Le but de toute politique crédible, loin des slogans populistes, est d’améliorer la situation sociale des citoyens passant par la relance économique. La nécessité de réformes systémiques s’impose nécessitant une nouvelle politique et la moralisation de la société par le combat contre le terrorisme bureaucratique qui engendre la sphère informelle, la corruption, le divorce entre l’État et les citoyens et freine le développement. (Le poids de la sphère informelle produit de la bureaucratie, Institut français des Relations Internationales (IFRI), décembre 2013 réactualisé dans la revue stratégie IMDEP, ministère de la Défense nationale, octobre 2019).

L’Algérie ne peut revenir à elle-même que si les faux privilèges sont bannis et les critères de compétences, de loyauté et d’innovation sont instaurés comme passerelles de la réussite et de la promotion sociale. Les réformes à venir doivent tenir compte d’une révision de l’actuelle politique socio-économique et au niveau international notamment de la demande de révision par l’Algérie de certaines clauses de l’accord d’Association avec l’Europe, notre principal partenaire, dans le cadre d’un partenariat gagnant-gagnant – ainsi qu’avec d’autres zones de libre-échange, notamment avec l’Afrique dont les échanges sont dérisoires à moins de 2 milliards de dollars, ne devant pas faire miroiter des utopies, supposant des entreprises compétitives (coût/qualité). Tout projet de société est porté forcément par des forces politiques, sociales et économiques, les réformes étant fonction des rapports de force au niveau de la société et non au sein de laboratoires de bureaucrates déconnectés de la société. C’est pourquoi, il faut insister sur l’effort d’une information de vérité, accessible à toute la population, pour montrer l’opérationnalité des réformes au profit des générations présentes et futures. Le défi 2022-2030 pour l’Algérie est la refondation de l’État. Les responsables algériens s’adapteront-ils à ce nouveau monde dynamique en perpétuel mouvement, où tant l’épidémie du coronavirus que la crise ukrainienne préfigurent d’importantes mutations dans les relations internationales, militaires, sécuritaires, politiques, culturelles et économiques, avec des impacts sur le cours du pétrole/gaz, mais également sur la sécurité alimentaire dont la Russie et l‘Ukraine représentent en 2021 30% des exportations mondiales.
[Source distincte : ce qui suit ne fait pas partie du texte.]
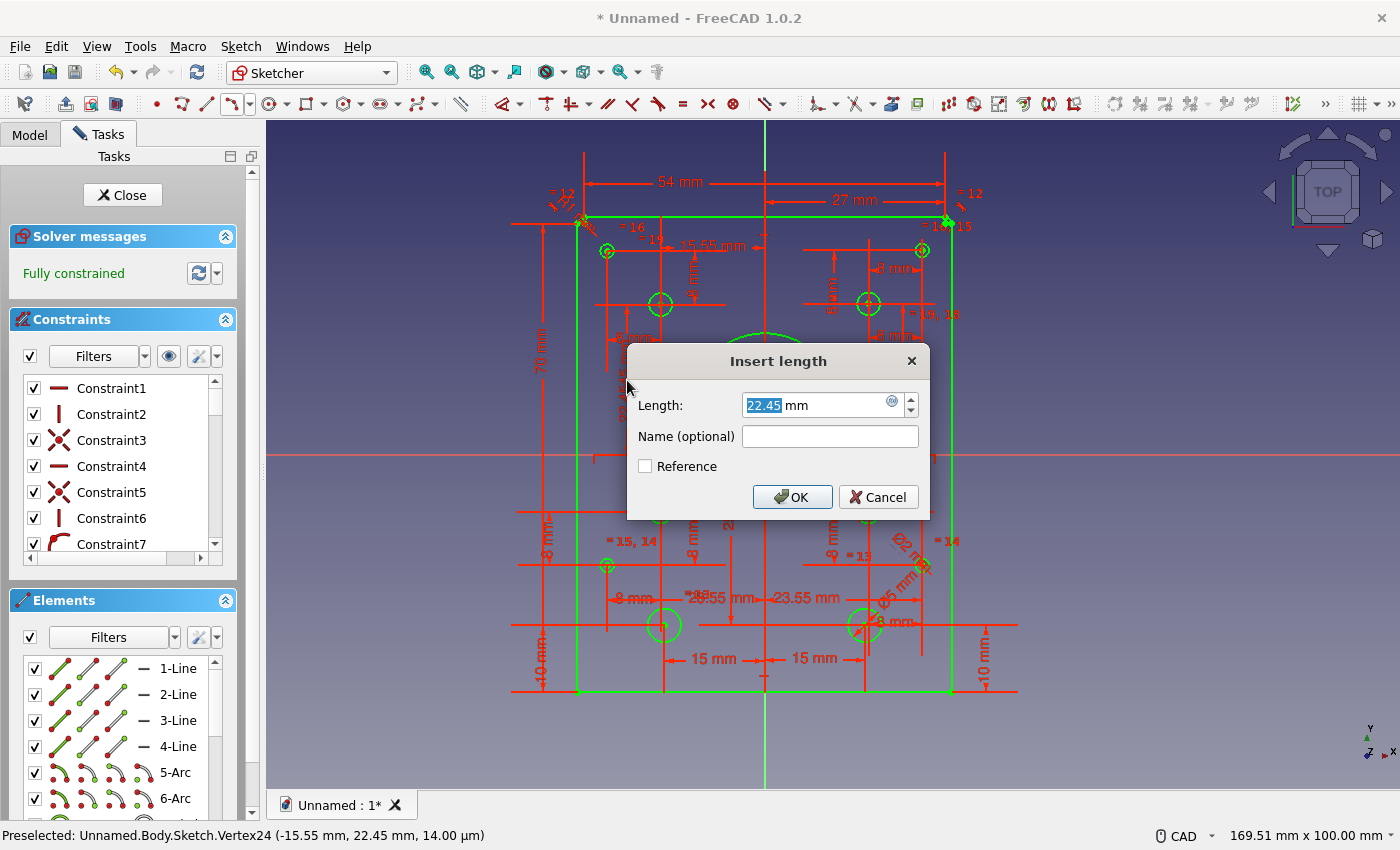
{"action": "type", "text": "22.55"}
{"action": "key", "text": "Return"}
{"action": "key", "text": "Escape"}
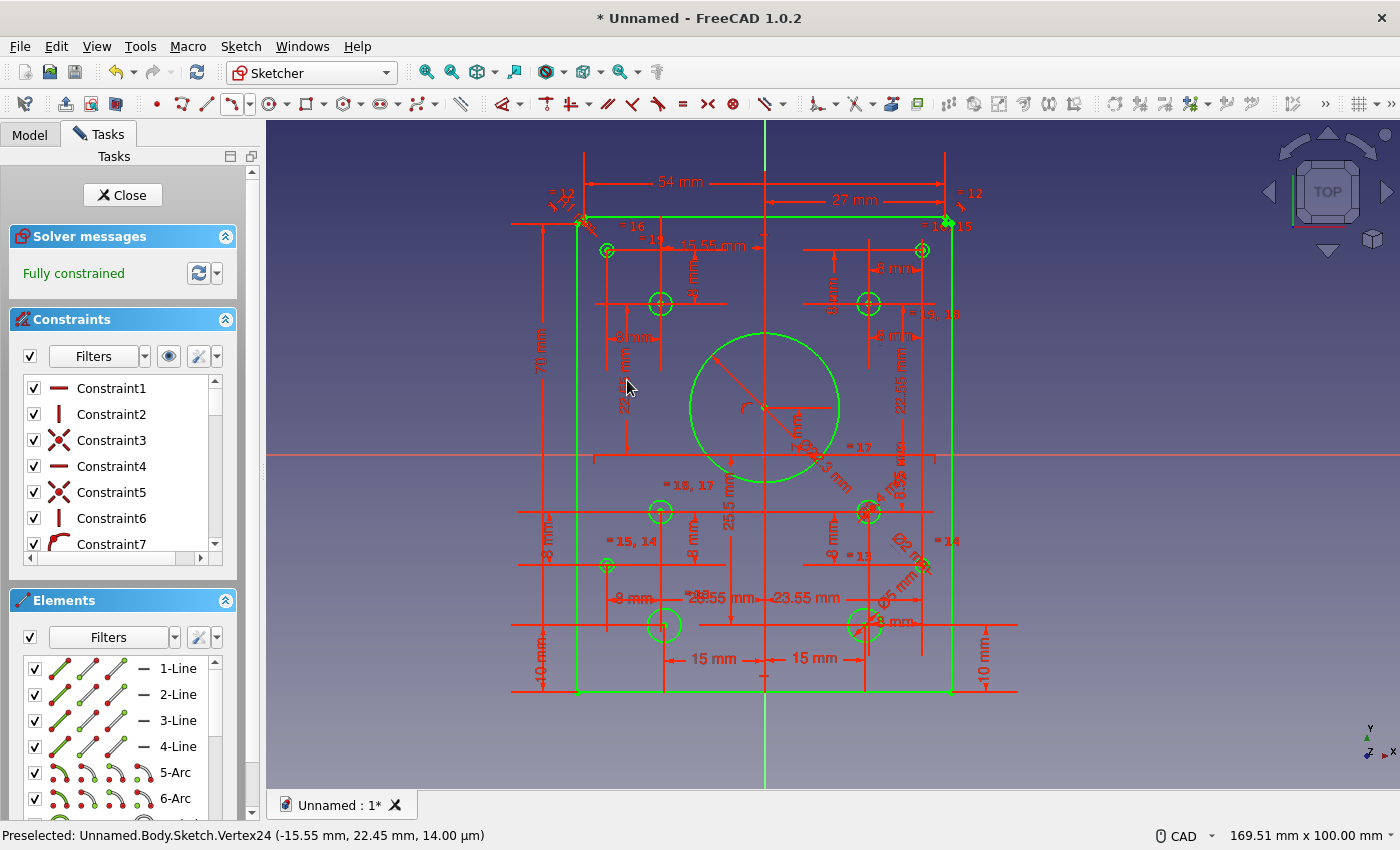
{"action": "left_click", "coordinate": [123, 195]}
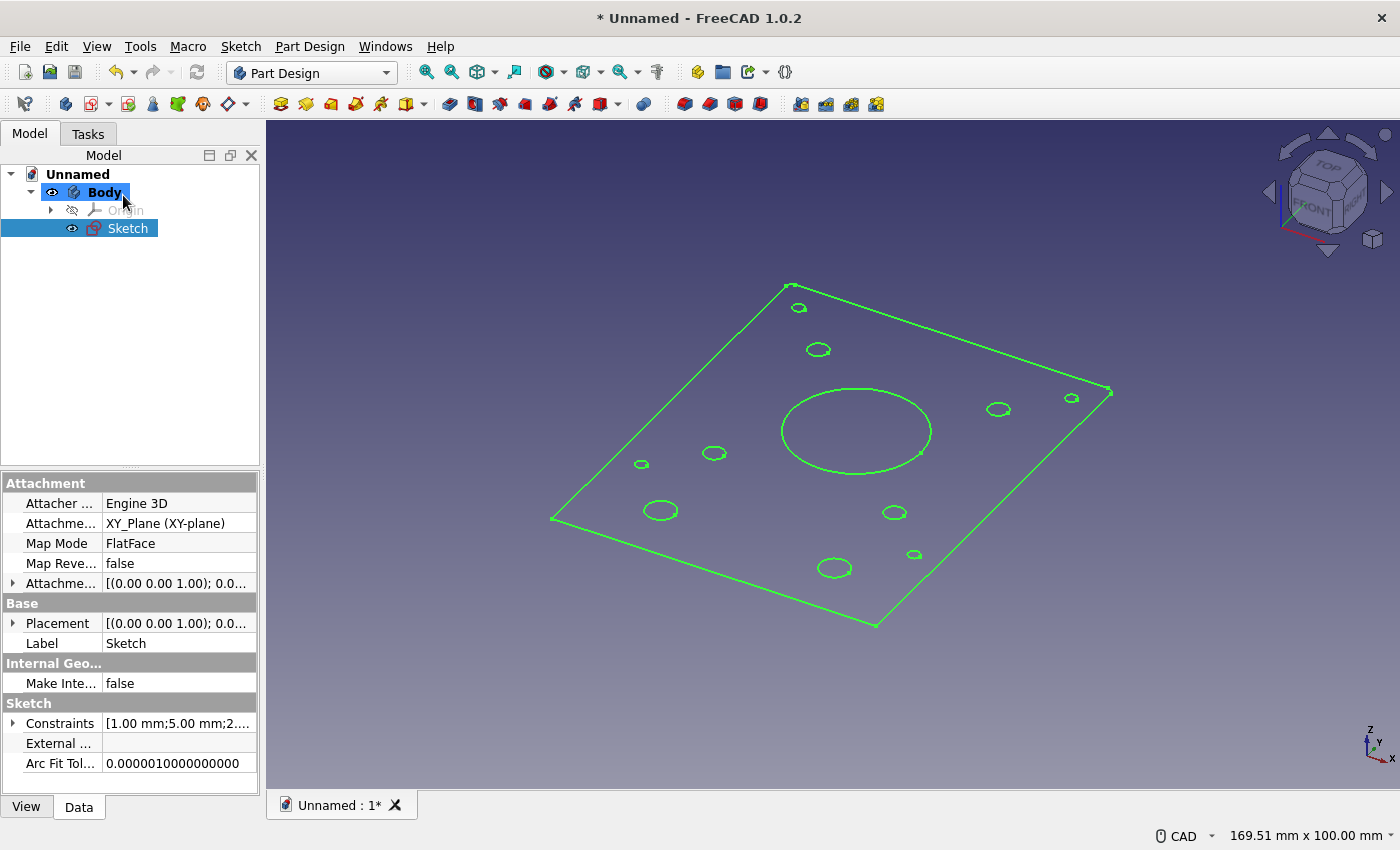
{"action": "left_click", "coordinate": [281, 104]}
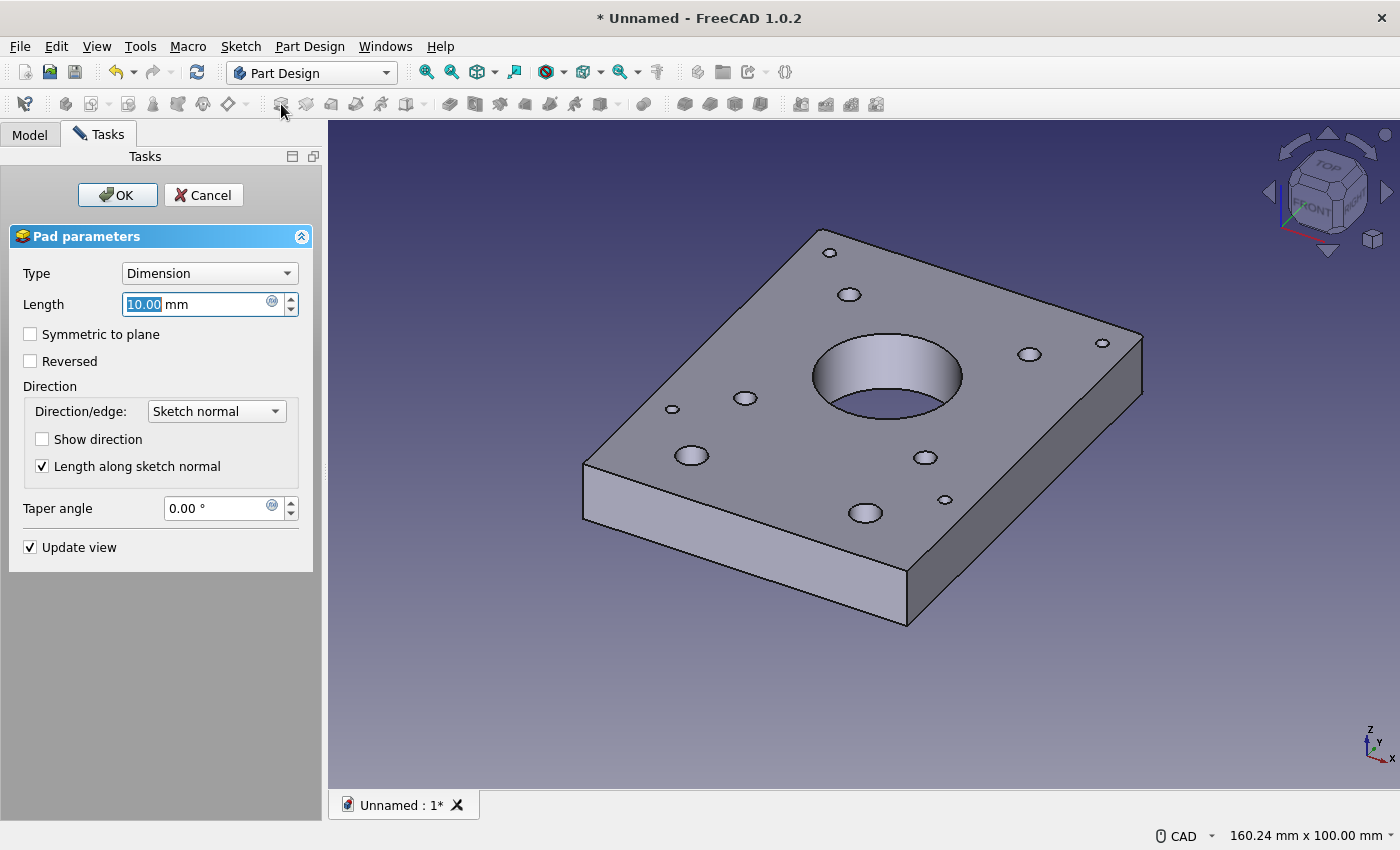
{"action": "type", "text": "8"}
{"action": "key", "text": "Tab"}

L’Algérie, arrimée l’économie mondiale via ses exportations d’hydrocarbures et important plus de 80% de ses besoins, quelles incidences à la fois des prix à l’exportation et des prix à l’importations est fortement interpellée pour la relance de l’économie nationale. Sans une solution rapide à la crise ukrainienne, l’économie mondiale risque de connaître une récession pire que celle de l’impact du coronavirus et la crise de 2008, avec une poussée inflationniste mondiale et du chômage au niveau mondial, ce qu’on qualifie de stagflation, avec l’augmentation de la dette publique qui est passée d’environ 70% du PIB en 2007 à 124% du PIB en 2020 et au niveau mondial, selon le FMI pour 2020, la dette globale ayant atteint un montant de 226 000 milliards de dollars pour atteindre 256% du PIB, les emprunts des gouvernements ayant représenté un peu plus de la moitié de cette hausse se hissant aussi à un record de 99 % du PIB mondial (Ouvrage collectif sous la direction du Pr Abderrahmane Mebtoul : réformes et démocratie. 2 volumes Casbah Édition Alger – 2005 (520 pages) – Interview du Pr Abderrahmane Mebtoul à Afrik Économie, Paris, décembre 2018 : «Réformes en Algérie, pour un large front social anti-crise»).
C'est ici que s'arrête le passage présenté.